I will say it's quite frustrating that you never really know when Ableton is going to release a new major version. I updated to 10 less than a year before 11 was released and was quite pissed at the time. Now that think of it, this was actually one of the reasons I got into Bitwig.

The yearly renewal from Bitwig has its pros and cons. You know what you're paying for and you can get back on and off the train at any moment. But OTOH it forces Bitwig to keep releasing stuff constantly to keep the cash flow running. Even when the updates are not substantial or not completely polished.


----------



## cel4145 (Apr 2, 2022)

Pier said:


> 3 years and the update price for the Suite version from 10 to 11 is $229 ($76 per year). Much less than what a yearly upgrade to Bitwig costs.

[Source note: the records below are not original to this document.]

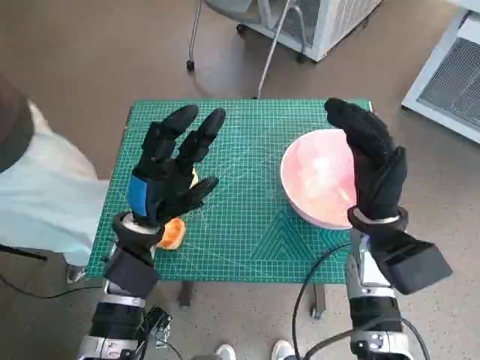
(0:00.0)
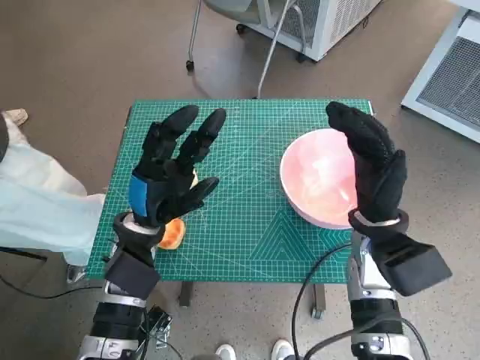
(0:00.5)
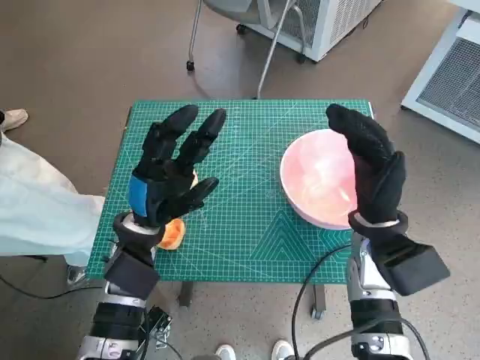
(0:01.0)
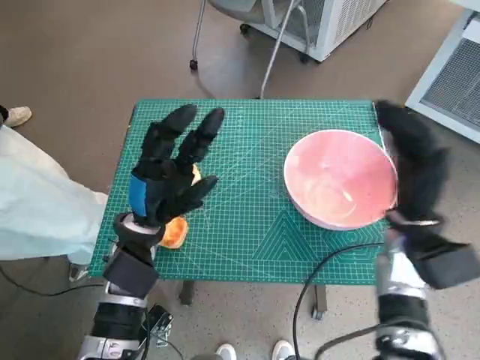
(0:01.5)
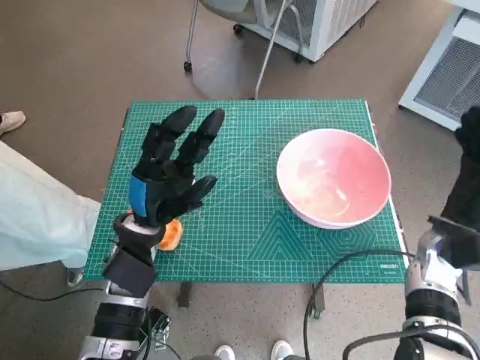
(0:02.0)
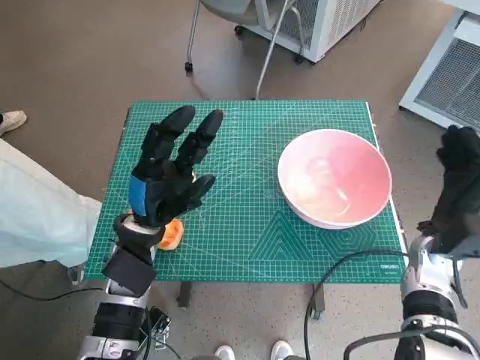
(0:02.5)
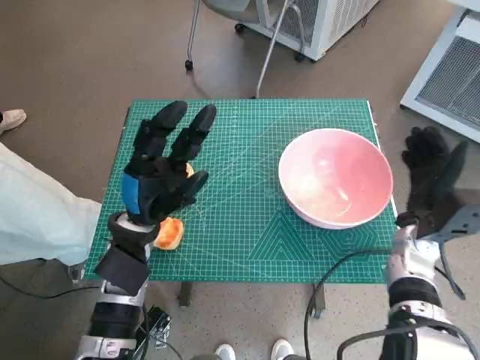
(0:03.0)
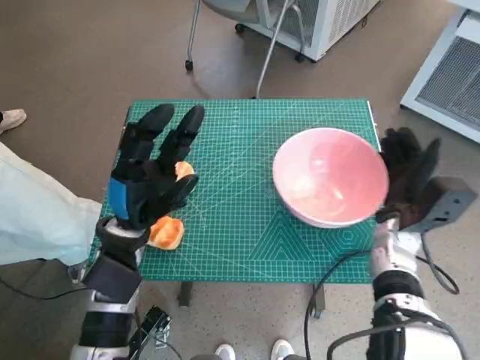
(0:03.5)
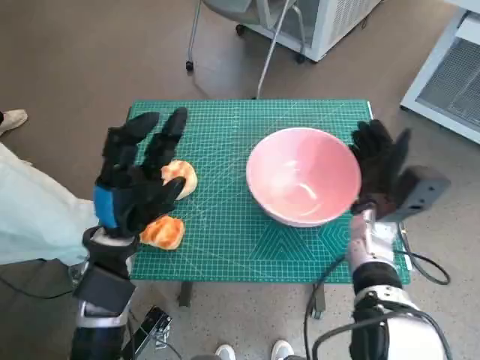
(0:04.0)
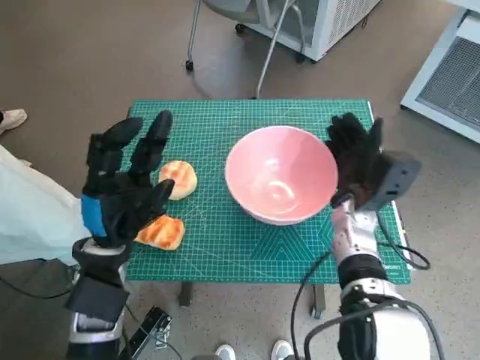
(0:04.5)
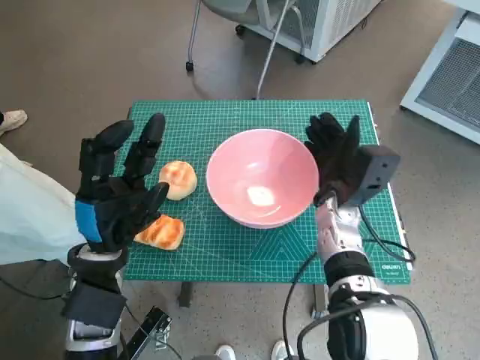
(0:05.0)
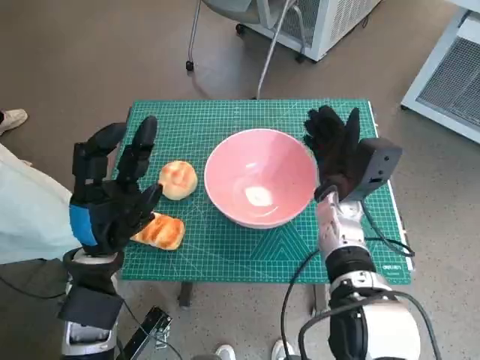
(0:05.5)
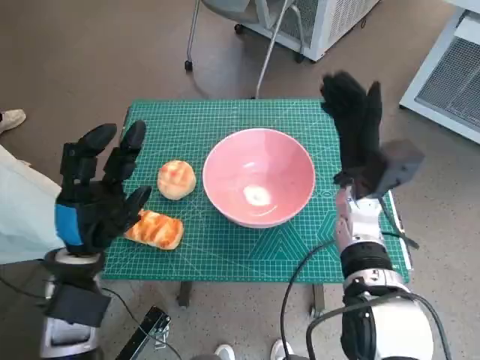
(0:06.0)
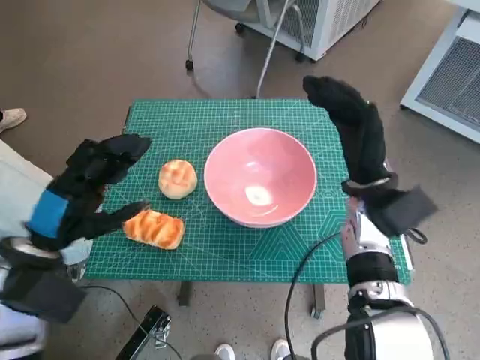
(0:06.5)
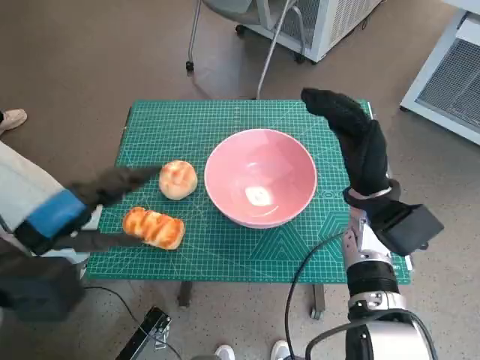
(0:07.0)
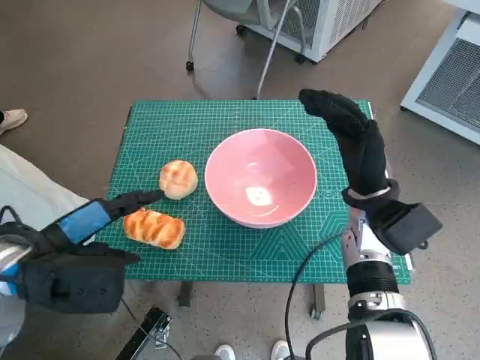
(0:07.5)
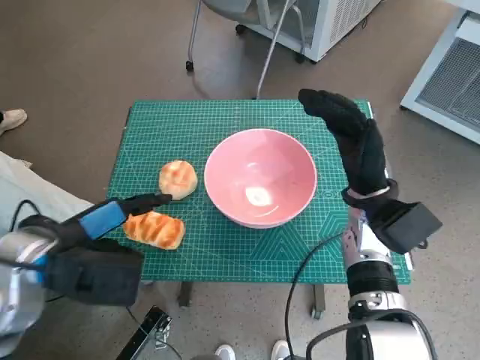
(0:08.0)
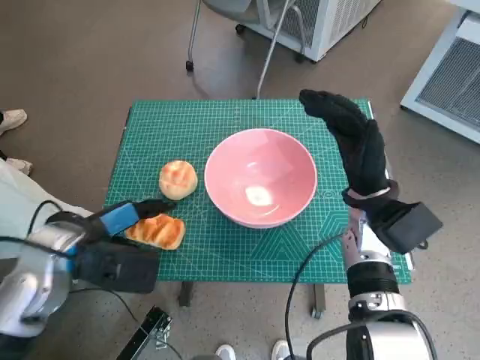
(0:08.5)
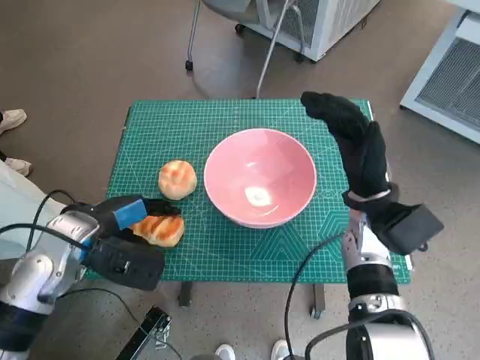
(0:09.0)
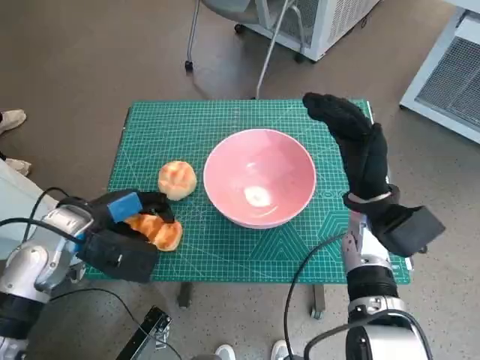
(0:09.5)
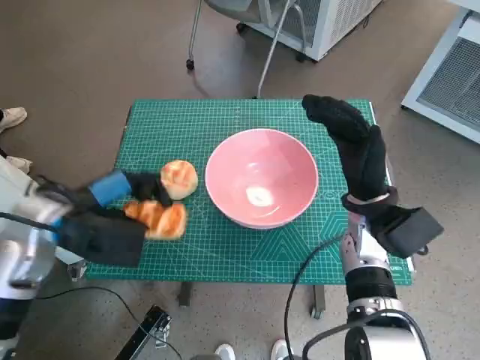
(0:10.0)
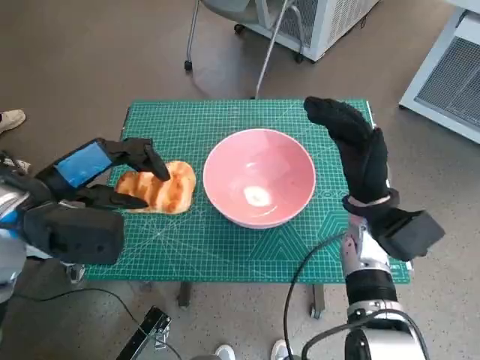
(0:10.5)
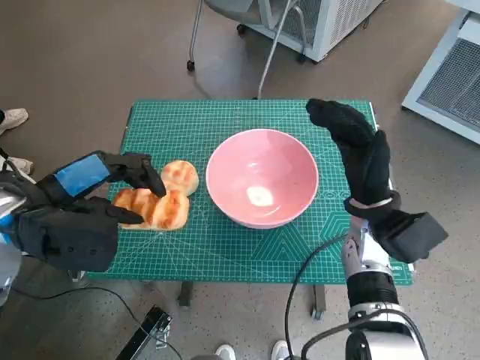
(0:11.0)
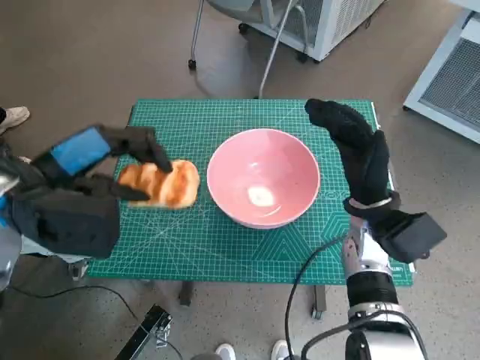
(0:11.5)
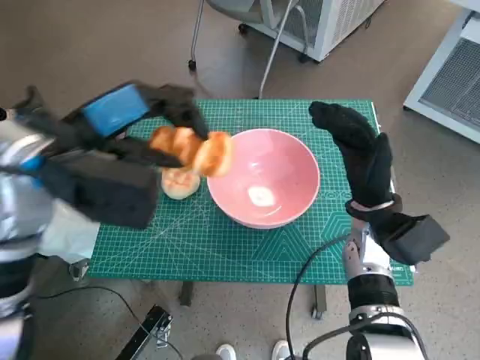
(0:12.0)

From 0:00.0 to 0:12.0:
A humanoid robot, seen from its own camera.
Task of the whole recording: Push the bowl to the center of the table and put the bread into the bowl.
Step, from 0:00.0 to 0:05.5: Move the pink bowl to the center of table with right hand.
Step, from 0:06.0 to 0:09.5: Grasp the long bread with left hand.
From 0:02.0 to 0:04.0: The right hand moves to the left, roughly 10 cm.
From 0:04.0 to 0:06.0: The right hand moves roughly 5 cm.
From 0:06.0 to 0:08.0: The left hand heads upward, covering roughly 5 cm.
From 0:08.0 to 0:10.0: The left hand is displaced forward by roughly 5 cm.
From 0:10.0 to 0:12.0: The left hand is displaced upward by about 10 cm.

Certainly, Bitwig entices people to upgrade more frequently, thanks to the smaller, interim releases. But you could wait 3 years (Ableton 11), or even 5 years (for Ableton 10), and then take a big upgrade all at once. 

Do the math. Ableton's only cheaper than Bitwig if you don't want to wait like you have to with Ableton. Plus, one has the benefit during the first year of a Bitwig upgrade of still getting a few updates. 

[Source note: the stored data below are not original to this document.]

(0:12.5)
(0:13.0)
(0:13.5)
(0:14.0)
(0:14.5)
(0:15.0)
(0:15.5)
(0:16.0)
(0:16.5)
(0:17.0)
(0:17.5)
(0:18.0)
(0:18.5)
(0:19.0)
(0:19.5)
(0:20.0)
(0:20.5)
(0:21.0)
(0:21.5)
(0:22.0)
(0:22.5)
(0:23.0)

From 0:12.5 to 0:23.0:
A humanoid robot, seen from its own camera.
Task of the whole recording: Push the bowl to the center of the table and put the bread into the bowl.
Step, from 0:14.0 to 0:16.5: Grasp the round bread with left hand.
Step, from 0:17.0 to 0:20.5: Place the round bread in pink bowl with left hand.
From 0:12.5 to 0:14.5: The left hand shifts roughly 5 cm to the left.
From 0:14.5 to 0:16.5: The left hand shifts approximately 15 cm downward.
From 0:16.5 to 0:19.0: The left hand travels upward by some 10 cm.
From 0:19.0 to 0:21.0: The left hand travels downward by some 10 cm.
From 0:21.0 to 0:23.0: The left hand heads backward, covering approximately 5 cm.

So I don't see how Ableton is cheaper for anyone that is OK with waiting that long for a bigger release. If that's what you really prefer. 

But yeah. I guess if someone's budget doesn't support yearly updates for Bitwig, and they have trouble with self-constraint, Ableton is the better choice in that regard


----------



## Pier (Apr 2, 2022)

cel4145 said:


> Plus, one has the benefit during the first year of a Bitwig upgrade of still getting a few updates.

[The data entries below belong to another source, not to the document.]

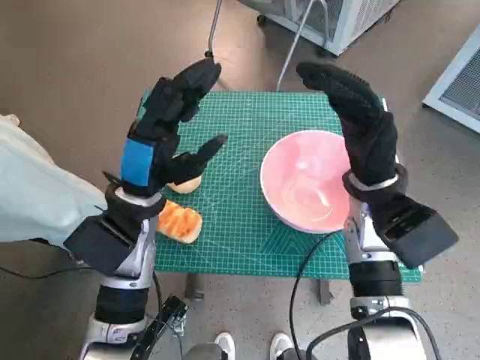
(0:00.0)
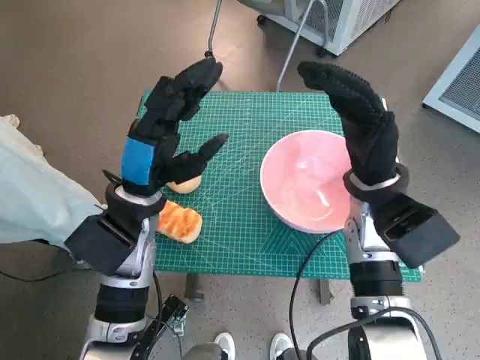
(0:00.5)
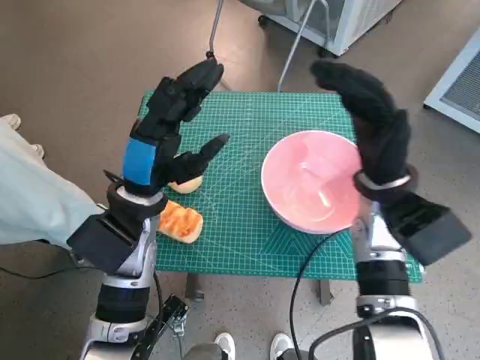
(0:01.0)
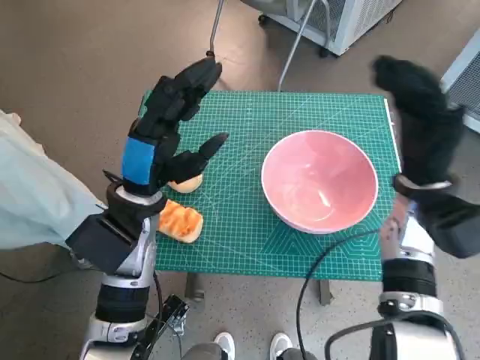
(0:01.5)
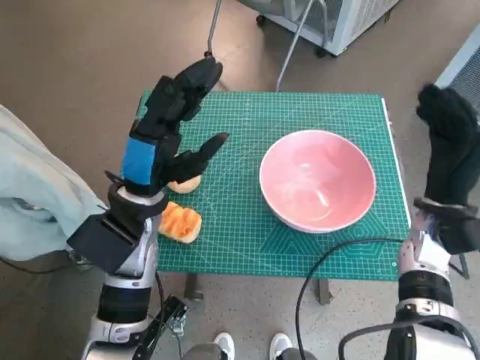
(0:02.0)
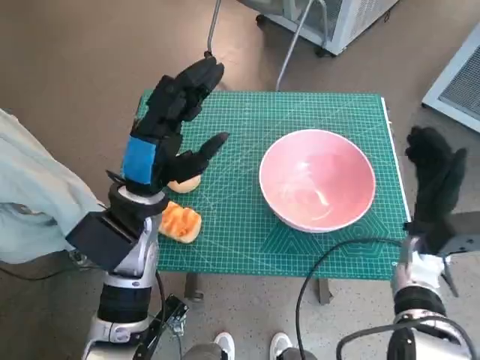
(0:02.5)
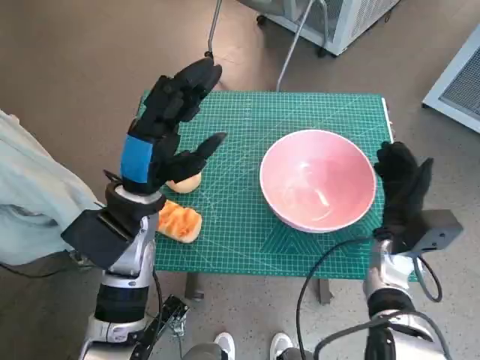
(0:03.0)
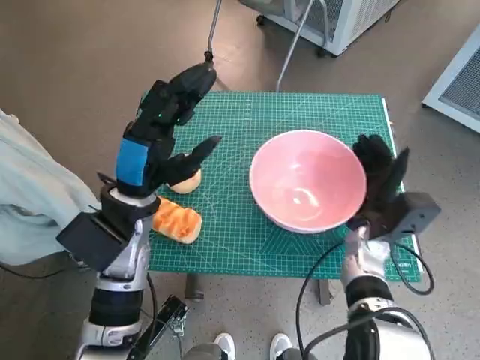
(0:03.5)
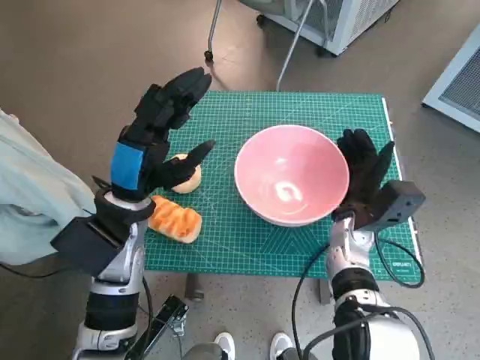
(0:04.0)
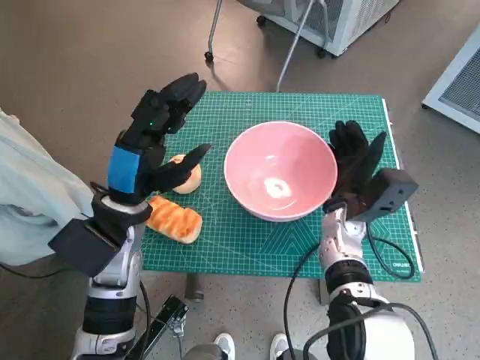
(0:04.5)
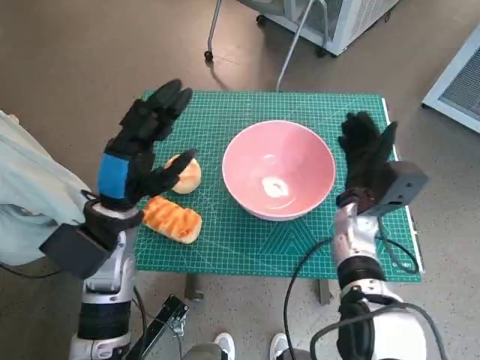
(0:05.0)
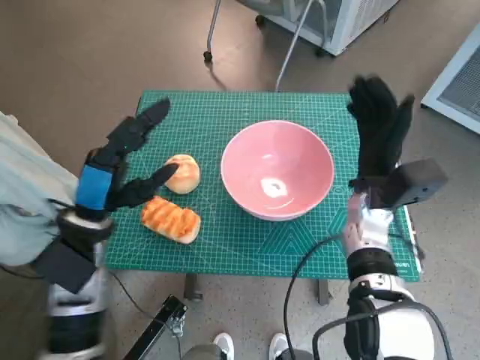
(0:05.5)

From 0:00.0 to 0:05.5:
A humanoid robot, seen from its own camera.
Task of the whole recording: Push the bowl to the center of the table and put the bread into the bowl.
Step, from 0:00.0 to 0:04.5: Move the pink bowl to the center of table with right hand.
From 0:02.0 to 0:03.5: The right hand is displaced downward and to the left by approximately 10 cm.
From 0:03.5 to 0:05.5: The left hand travels to the left by roughly 5 cm, while the right hand goes about 5 cm upward.

Live also gets small updates during the lifecycle of a major version.



cel4145 said:


> Do the math. Ableton's only cheaper than Bitwig if you don't want to wait like you have to with Ableton.


Same thing with any DAW or even Komplete.


----------



## cel4145 (Apr 2, 2022)

Pier said:


> Live also gets small updates during the lifecycle of a major version.
> 
> 
> Same thing with any DAW or even Komplete.


You mean small updates 

But seriously, a lot of this is one half dozen or the other. Trying to estimate the value of the updates over a few years between DAWs is a very individual thing anyway.


----------



## Quasar (Apr 2, 2022)

Pier said:


> All DAWs have sales...


Not quite. Reaper doesn't have sales.


----------



## Braveheart (Apr 3, 2022)

Bandlab has no sales too. Hard to beat free


----------



## JCold (Apr 3, 2022)

My primary is Studio One, but before that I started with Ableton Live. I still use it, use them both, I find them extremely complementary(which I'm sure would map over to the Cubase user). As mentioned by others, Ableton is extremely polished, and apart from the obvious paradigm shift in working with loops(which frankly isn't done as well by anyone else), I think of it as sort of a mad scientist audio lab. It's really great.


----------



## Pier (Apr 4, 2022)

Quasar said:


> Not quite. Reaper doesn't have sales.


But Reaper is free, right?

😂

In all seriousness, Reaper doesn't even have yearly renewals. IIRC it's the passion project of the Cockos founder so he doesn't even need it to be a profitable business unlike Steinberg, Ableton, Bitwig, etc.

Same with Logic. Apple pretty much gives it away for free since it gets the money back on the hardware.



cel4145 said:


> But seriously, a lot of this is one half dozen or the other. Trying to estimate the value of the updates over a few years between DAWs is a very individual thing anyway.


I definitely agree.

It's very difficult to determine the subjective value of each update which is why I was comparing the money paid by year which is objective.

Ultimately I guess it comes down to being the target audience for a certain product. Like if you're into generative stuff, many features introduced by Bitwig in the past 2-3 years make perfect sense. But if you're looking for more of a generalist DAW these might seem more like gimmicks.


----------



## cel4145 (Apr 4, 2022)

Pier said:


> But Reaper is free, right?
> 
> 😂
> 
> ...


But it's flawed objectivity. Because Ableton does not have a pay by the year plan which includes more frequent updates. So you're comparing very unlike things.

On a side note, Bitwig's model is potentially better for development. This strategy of release early, release often has been championed in open source development. And it makes a lot of sense even with commercial products where people don't have access to the source code

"Release early, release often is a well-known mantra in open source development. Some of the more compelling reasons for this are that it:

*encourages early and frequent feedback
*provides easy access to the latest and greatest feature
*builds developer confidence
*shows genuine project activity
*facilitates a manageable upgrade path for users"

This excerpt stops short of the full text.